Genetics, Vol. 148, 1787-1798, April 1998, Copyright © 1998

Cdc1 and the Vacuole Coordinately Regulate Mn2+ Homeostasis in the Yeast Saccharomyces cerevisiae

Madan Paidhungata and Stephen Garrettb
a Department of Pharmacology and Cancer Biology, Duke University Medical Center, Durham, North Carolina 27710
b Department of Microbiology and Molecular Genetics, UMDNJ-New Jersey Medical School, University Heights, Newark, New Jersey 07103-2714

Corresponding author: Stephen Garrett, Department of Microbiology and Molecular Genetics, UMDNJ-New Jersey Medical Center, 185 South Orange Ave., University Heights, Newark, NJ 07103-2714, garretst{at}umdnj.edu (E-mail).
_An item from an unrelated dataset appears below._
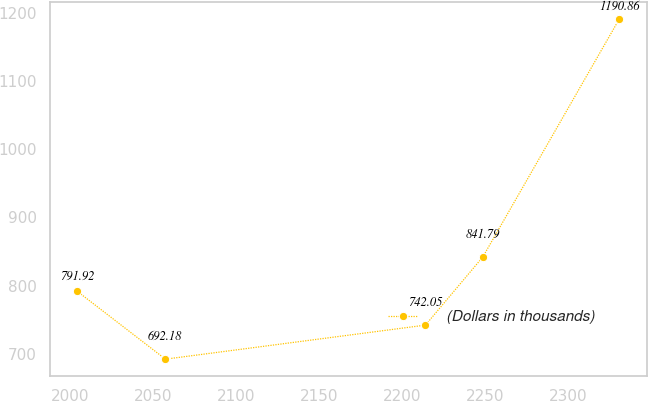Convert chart to OTSL. <chart><loc_0><loc_0><loc_500><loc_500><line_chart><ecel><fcel>(Dollars in thousands)<nl><fcel>2003.87<fcel>791.92<nl><fcel>2057.21<fcel>692.18<nl><fcel>2213.96<fcel>742.05<nl><fcel>2248.51<fcel>841.79<nl><fcel>2330.9<fcel>1190.86<nl></chart>

Communicating editor: M. JOHNSTON

The yeast CDC1 gene encodes an essential protein that has been implicated in the regulation of cytosolic [Mn2+]. To identify factors that impinge upon Cdc1 or the Cdc1-dependent process, we isolated second-site suppressors of the conditional cdc1-1(Ts) growth defect. Recessive suppressors define 15 COS (CdcOne Suppressor) genes. Seven of the fifteen COS genes are required for biogenesis of the vacuole, an organelle known to sequester intracellular Mn2+. An eighth gene, COS16, encodes a vacuolar membrane protein that seems to be involved in Mn2+ homeostasis. These results suggest mutations that block vacuolar Mn2+ sequestration compensate for defects in Cdc1 function. Interestingly, Cdc1 is dispensable in a cos16{Delta} deletion strain, and a cdc1{Delta} cos16{Delta} double mutant exhibits robust growth on medium supplemented with Mn2+. Thus, the single, essential function of Cdc1 is to regulate intracellular, probably cytosolic, Mn2+.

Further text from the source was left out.